# IST 718: Big Data Analytics

- Professor: Daniel Acuna <deacuna@syr.edu>
- TAs: Tong Zeng <tozeng@syr.edu>, Priya Matnani <psmatnan@syr.edu>

## General instructions:

- You are welcome to discuss the problems with your classmates but __you are not allowed to copy any part of your answers either from your classmates or from the internet__
- You can put the homework files anywhere you want in your http://notebook.acuna.io workspace but _do not change_ the file names. The TAs and the professor use these names to grade your homework.
- Remove or comment out code that contains `raise NotImplementedError`. This is mainly to make the `assert` statement fail if nothing is submitted.
- The tests shown in some cells (i.e., `assert` statements) are used to grade your answers. **However, the professor and TAs will use __additional__ test for your answer.
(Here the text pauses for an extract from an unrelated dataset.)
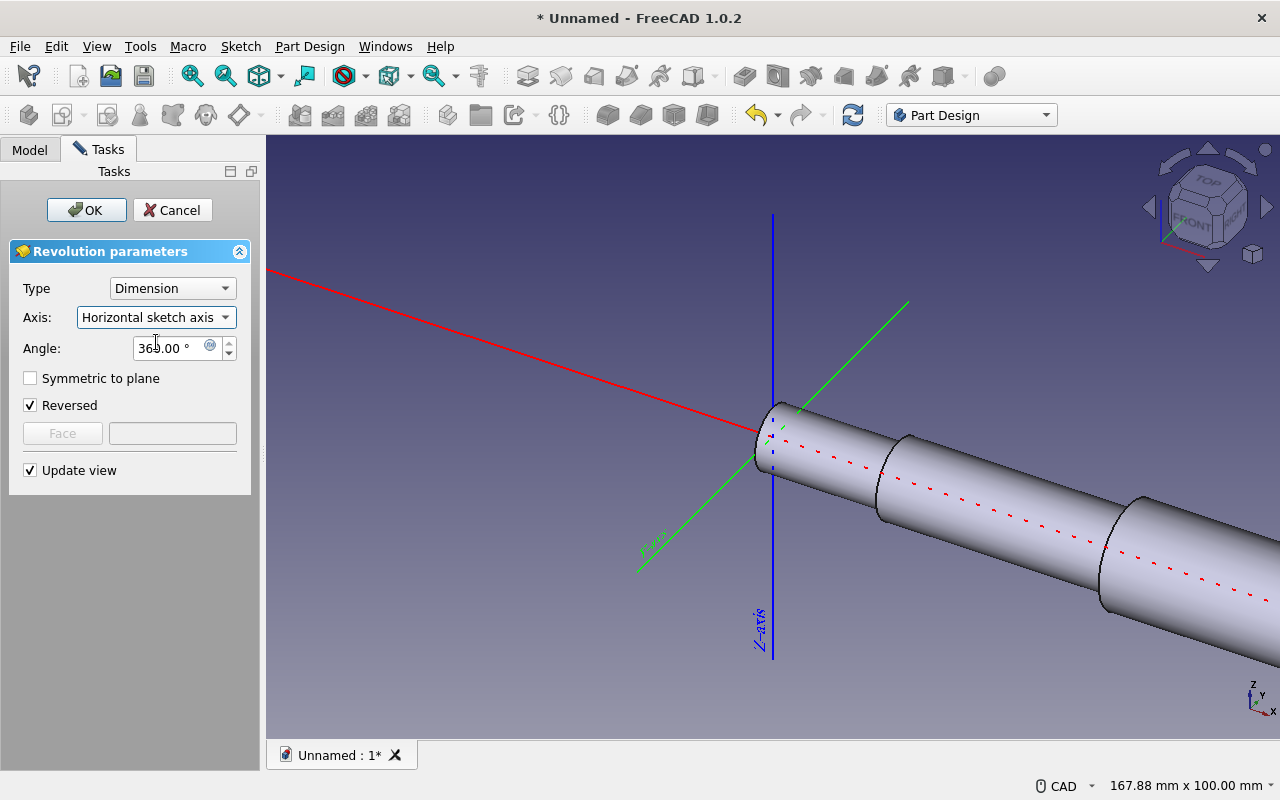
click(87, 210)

Think about cases where your code should run even if it passess all the tests you see.**
- Before downloading and submitting your work through Blackboard, remember to save and press `Validate` (or go to 
`Kernel`$\rightarrow$`Restart and Run All`). 
- Good luck!

In [None]:
# load these packages
from pyspark.ml import feature
from pyspark.ml import clustering
from pyspark.ml import Pipeline
from pyspark.sql import functions as fn
import numpy as np
from pyspark.sql import SparkSession
from pyspark.ml import feature, regression, evaluation, Pipeline
from pyspark.sql import functions as fn, Row
import matplotlib.pyplot as plt
spark = SparkSession.builder.getOrCreate()
sc = spark.sparkContext
import pandas as pd

# Part 1. Unsupervised learning

I would recommend to follow the notebook `unsupervised_learning.ipynb` first, shared through the IST 718 repository.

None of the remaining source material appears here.